I have been undergoing a treatment of Transcranial Magnetic Stimulation (TMS) for a few weeks now.  A lot of people are not familiar with what TMS is, and I have found it difficult to give a brief explanation to those who are curious.  Here I am going to try to explain the basics of TMS from a patient’s perspective.

To be a candidate for TMS you must have medication resistant major depressive disorder (MDD).  While TMS may help other conditions, MDD is the only condition for which TMS has been approved by the FDA.  I have taken many medications over several years and undergone intensive talk therapy, and for that reason, I had a relatively easy time of getting TMS approved by my insurance company.

So, what is TMS?  TMS is a treatment in which a strong magnet (I’ve been told the magnet is the same strength as that of an MRI) is positioned over a specific region of your brain, and activated in 30 second intervals.  Four seconds of pulsing, 26 seconds of rest.  This lasts for about 37 minutes, five days a week, for 7 weeks.  The good news about TMS is that you are awake the whole time, it is not painful, and you are able to drive right after a treatment.  You can read, or watch tv, or nap during the treatment (though the machine is loud, so napping may be a challenge).  I always choose to read while receiving my treatment.

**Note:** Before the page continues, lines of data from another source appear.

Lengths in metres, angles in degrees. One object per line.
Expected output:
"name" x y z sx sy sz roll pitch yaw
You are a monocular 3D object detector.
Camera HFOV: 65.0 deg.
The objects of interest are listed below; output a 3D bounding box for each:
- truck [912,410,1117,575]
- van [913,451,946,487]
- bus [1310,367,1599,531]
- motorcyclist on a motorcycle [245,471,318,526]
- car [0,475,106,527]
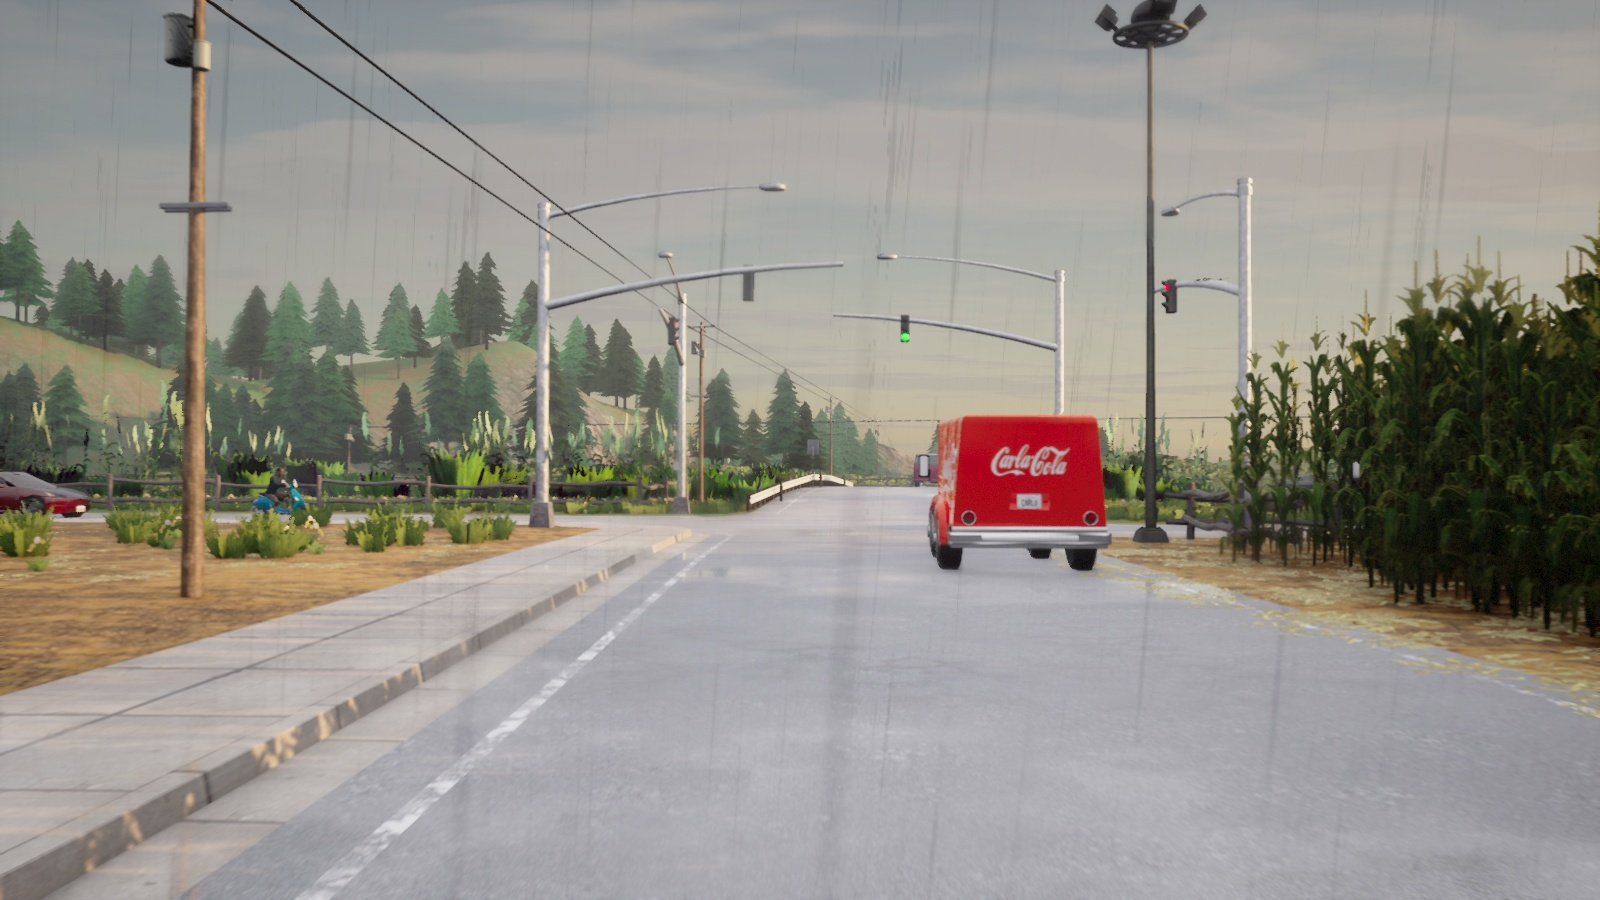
"truck" 3.470 0.681 21.533 2.627 2.467 5.204 0 -1 0
"van" 7.733 1.170 74.808 1.775 1.987 4.442 0 -2 8
"bus" 20.486 -0.036 35.687 10.273 4.253 3.944 -1 -1 0
"motorcyclist on a motorcycle" -15.314 1.427 37.119 1.817 1.590 0.866 0 -1 3
"car" -23.724 1.514 37.529 4.792 1.488 2.163 0 -1 3

During the first session, you are mapped.  This involves the doctor finding the spot in your brain that causes a twitch in your right thumb.  Next they figure out the correct intensity for you by seeing at what strength your fingers twitch.  After they have found the spot and strength, they move the magnet forward 5 mm.  This is where you will receive treatment.

On occasion, there is mild pain with the treatment during the first set of pulses.  This is because it can make your facial muscles twitch.  When this happens, I communicate with the technician, and they find a more comfortable position for the magnet.  TMS can cause headaches, though I think they typically stop after the first few treatments.  I only had a headache after my first treatment.

I found at first that I had some sleep disturbances from the TMS, and was told that since it is stimulating my brain, that is a possible side effect.  Just like many medication side effects, once my body got used to the treatment, the sleep issues went away.

Receiving TMS is a bit of a time commitment, since you must dedicate just under an hour every week day for seven weeks, but it has been found to be significantly helpful for many patients.  I was initially told that I wouldn’t feel a difference until 3 or 4 weeks into treatment, however, I found my mood increased much faster than that time span.  I have since hit a plateau, which I was sure to communicate to my treatment team.

If traditional medications and therapy are not working for you.  It may be worth talking to your doctor about TMS.  It’s certainly worth giving it a chance, and who knows, maybe it will allow you to enjoy a depression free life.